Глава 62. Конец Госплана
В Госплане СССР я проработал до момента его упразднения - до июля 1991 года, но фактически еще 9 лет возглавлял отраслевые машиностроительные подразделения во всех его правопреемниках: Минэкономики СССР и Минэкономики России, соответственно занимая должности начальника сводного отдела экономики машиностроения, начальника Главного управления
Территориально Госплан размещался в здании на проспекте Маркса против гостиницы «Москва» (в 1993 году улице вернули ее историческое название «Охотный ряд»). Правопреемника Госплана, Минэкономики России, переместили вначале на Новый Арбат, а затем на площадь Маяковского (ныне Триумфальная площадь) и на Миусскую площадь, где были размещены соответственно функциональные и отраслевые отделы или департаменты.
Кадровый состав Госплана СССР всегда отличался стабильностью. «Текучесть» если и была, то минимальная, и если сотрудники увольнялись, то, как правило, или на пенсию, или в связи с переводом на другое место работы (на повышение). Положение изменилось, когда на пенсию ушел (точнее – его «ушли») Николай Константинович Байбаков, бессменно возглавлявший Комитет более 30 лет.

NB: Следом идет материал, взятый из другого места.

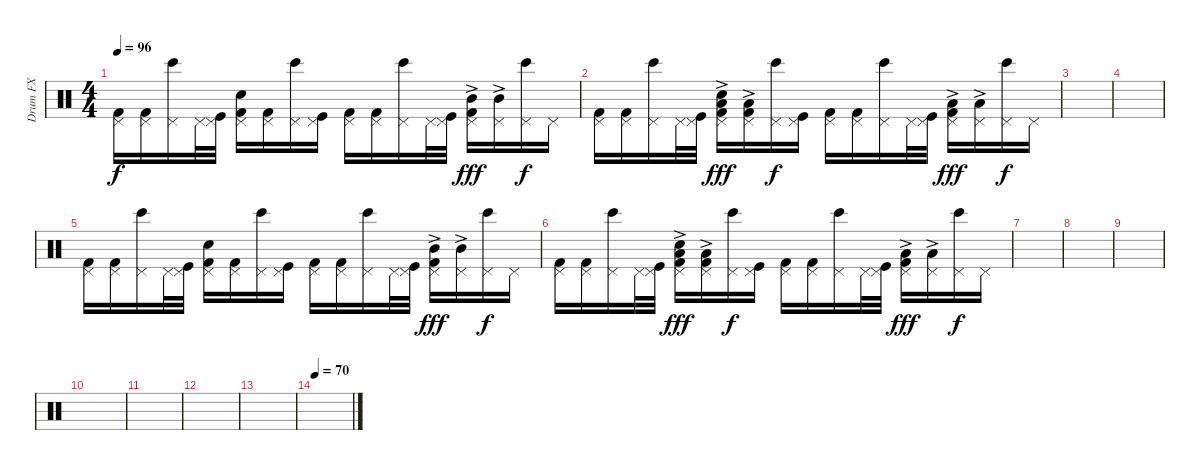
\track ("Drum FX" "Drum FX") {instrument percussion}
\staff {score}
\articulation defaults
\ts (4 4)
\tempo 96
\clef neutral
\ks c
("Pedal Hi-Hat (hit)" "Kick (hit) 2").16{dy f} ("Pedal Hi-Hat (hit)" "Kick (hit) 2").16 ("Pedal Hi-Hat (hit)" "Bongo High (hit)").16 "Pedal Hi-Hat (hit)".32 ("Pedal Hi-Hat (hit)" "Kick (hit)").32 ("Pedal Hi-Hat (hit)" "Electric Snare (hit)" "Kick (hit) 2").16 ("Pedal Hi-Hat (hit)" "Kick (hit) 2").16 ("Pedal Hi-Hat (hit)" "Bongo High (hit)").16 ("Pedal Hi-Hat (hit)" "Kick (hit)").16 ("Pedal Hi-Hat (hit)" "Kick (hit) 2").16 ("Pedal Hi-Hat (hit)" "Kick (hit) 2").16 ("Pedal Hi-Hat (hit)" "Bongo High (hit)").16 "Pedal Hi-Hat (hit)".32 ("Pedal Hi-Hat (hit)" "Kick (hit)").32 ("Pedal Hi-Hat (hit)" "Mid Tom (hit)"{ac} "Kick (hit) 2").16{dy fff} ("Pedal Hi-Hat (hit)" "Mid Tom (hit)"{ac}).16 ("Pedal Hi-Hat (hit)" "Bongo High (hit)").16{dy f} "Pedal Hi-Hat (hit)".16 |
("Pedal Hi-Hat (hit)" "Kick (hit) 2").16 ("Pedal Hi-Hat (hit)" "Kick (hit) 2").16 ("Pedal Hi-Hat (hit)" "Bongo High (hit)").16 "Pedal Hi-Hat (hit)".32 ("Pedal Hi-Hat (hit)" "Kick (hit)").32 ("Pedal Hi-Hat (hit)" "Low Tom (hit)"{ac} "Electric Snare (hit)" "Kick (hit) 2").16{dy fff} ("Pedal Hi-Hat (hit)" "Low Tom (hit)"{ac} "Kick (hit) 2").16 ("Pedal Hi-Hat (hit)" "Bongo High (hit)").16{dy f} ("Pedal Hi-Hat (hit)" "Kick (hit)").16 ("Pedal Hi-Hat (hit)" "Kick (hit) 2").16 ("Pedal Hi-Hat (hit)" "Kick (hit) 2").16 ("Pedal Hi-Hat (hit)" "Bongo High (hit)").16 "Pedal Hi-Hat (hit)".32 ("Pedal Hi-Hat (hit)" "Kick (hit)").32 ("Pedal Hi-Hat (hit)" "Low Floor Tom (hit)"{ac} "Kick (hit) 2").16{dy fff} ("Pedal Hi-Hat (hit)" "Low Floor Tom (hit)"{ac}).16 ("Pedal Hi-Hat (hit)" "Bongo High (hit)").16{dy f} "Pedal Hi-Hat (hit)".16 |
|
|
("Pedal Hi-Hat (hit)" "Kick (hit) 2").16 ("Pedal Hi-Hat (hit)" "Kick (hit) 2").16 ("Pedal Hi-Hat (hit)" "Bongo High (hit)").16 "Pedal Hi-Hat (hit)".32 ("Pedal Hi-Hat (hit)" "Kick (hit)").32 ("Pedal Hi-Hat (hit)" "Electric Snare (hit)" "Kick (hit) 2").16 ("Pedal Hi-Hat (hit)" "Kick (hit) 2").16 ("Pedal Hi-Hat (hit)" "Bongo High (hit)").16 ("Pedal Hi-Hat (hit)" "Kick (hit)").16 ("Pedal Hi-Hat (hit)" "Kick (hit) 2").16 ("Pedal Hi-Hat (hit)" "Kick (hit) 2").16 ("Pedal Hi-Hat (hit)" "Bongo High (hit)").16 "Pedal Hi-Hat (hit)".32 ("Pedal Hi-Hat (hit)" "Kick (hit)").32 ("Pedal Hi-Hat (hit)" "Mid Tom (hit)"{ac} "Kick (hit) 2").16{dy fff} ("Pedal Hi-Hat (hit)" "Mid Tom (hit)"{ac}).16 ("Pedal Hi-Hat (hit)" "Bongo High (hit)").16{dy f} "Pedal Hi-Hat (hit)".16 |
("Pedal Hi-Hat (hit)" "Kick (hit) 2").16 ("Pedal Hi-Hat (hit)" "Kick (hit) 2").16 ("Pedal Hi-Hat (hit)" "Bongo High (hit)").16 "Pedal Hi-Hat (hit)".32 ("Pedal Hi-Hat (hit)" "Kick (hit)").32 ("Pedal Hi-Hat (hit)" "Low Tom (hit)"{ac} "Electric Snare (hit)" "Kick (hit) 2").16{dy fff} ("Pedal Hi-Hat (hit)" "Low Tom (hit)"{ac} "Kick (hit) 2").16 ("Pedal Hi-Hat (hit)" "Bongo High (hit)").16{dy f} ("Pedal Hi-Hat (hit)" "Kick (hit)").16 ("Pedal Hi-Hat (hit)" "Kick (hit) 2").16 ("Pedal Hi-Hat (hit)" "Kick (hit) 2").16 ("Pedal Hi-Hat (hit)" "Bongo High (hit)").16 "Pedal Hi-Hat (hit)".32 ("Pedal Hi-Hat (hit)" "Kick (hit)").32 ("Pedal Hi-Hat (hit)" "Low Floor Tom (hit)"{ac} "Kick (hit) 2").16{dy fff} ("Pedal Hi-Hat (hit)" "Low Floor Tom (hit)"{ac}).16 ("Pedal Hi-Hat (hit)" "Bongo High (hit)").16{dy f} "Pedal Hi-Hat (hit)".16 |
|
|
|
|
|
|
|
\tempo 70

После этого в Госплане начали осуществляться структурные преобразования, сопровождавшиеся перманентной чехардой в руководстве: Талызин, Маслюков, Щербаков, Сабуров, Гайдар, Лобов, Нечаев, Ясин, Уринсон, Шаповальянц, Дондуков – и это, по-моему, не совсем полный перечень руководителей некогда ведущего экономического органа нашей страны (наверняка я мог кого-то и пропустить) за «микроскопический» в масштабах государства отрезок времени – с 1985 по 2000 год.
Просто каким-то очередным чудом можно объяснить тот факт, что в этой чехарде мне удавалось так долго удерживаться на плаву без каких-либо протекций, интриг или закулисной борьбы с конкурентами. Каждый новый руководитель ведомства, как правило, приглашал к себе каждого из действующих начальников отделов и проводил с ними собеседование. Иногда это был формальный шаг, но случалось, что беседа проходила довольно долго и подробно.
Расскажу об одной такой беседе, которую проводил со мной один из самых молодых российских министров Андрей Николаевич Нечаев, кроме того, как мне кажется, самый толковый, энергичный и симпатичный во всех отношениях человек и специалист. К сожалению, он очень быстро и незаслуженно сошел с федеральной "сцены" (поговаривали, что он «гавкнул» там, где надо было «лизнуть»).
Нечаев неожиданно озадачил меня вопросом:
– А правда ли, что у Вас в кабинете до настоящего времени висит портрет Ленина?
– Да, висит. Во-первых, он висит там, где много лет висел до меня. Во-вторых, я еще пока для себя не определился, кто из современных личностей мог бы заменить Ленина на этом его "посту". И в-третьих, Ленин долгое время был символом нашей идеологии, кумиром масс, и негоже будет пытаться так резко выбрасывать его из общественного сознания.
Я состоял в партии почти 25 лет и нисколько этого не стесняюсь, а даже горжусь: я работал как "проклятый" на благо отечества, три срока подряд, до отъезда в Москву, избирался членом областного комитета партии, занимался там не идеологической пропагандой, а развитием промышленности (организация областных технических конференций, выставок и т.п.). И хотя я в партию попал не ради карьеры и не по идеологическим соображениям, а почти случайно, у меня нет серьезных оснований резко от нее отмежевываться.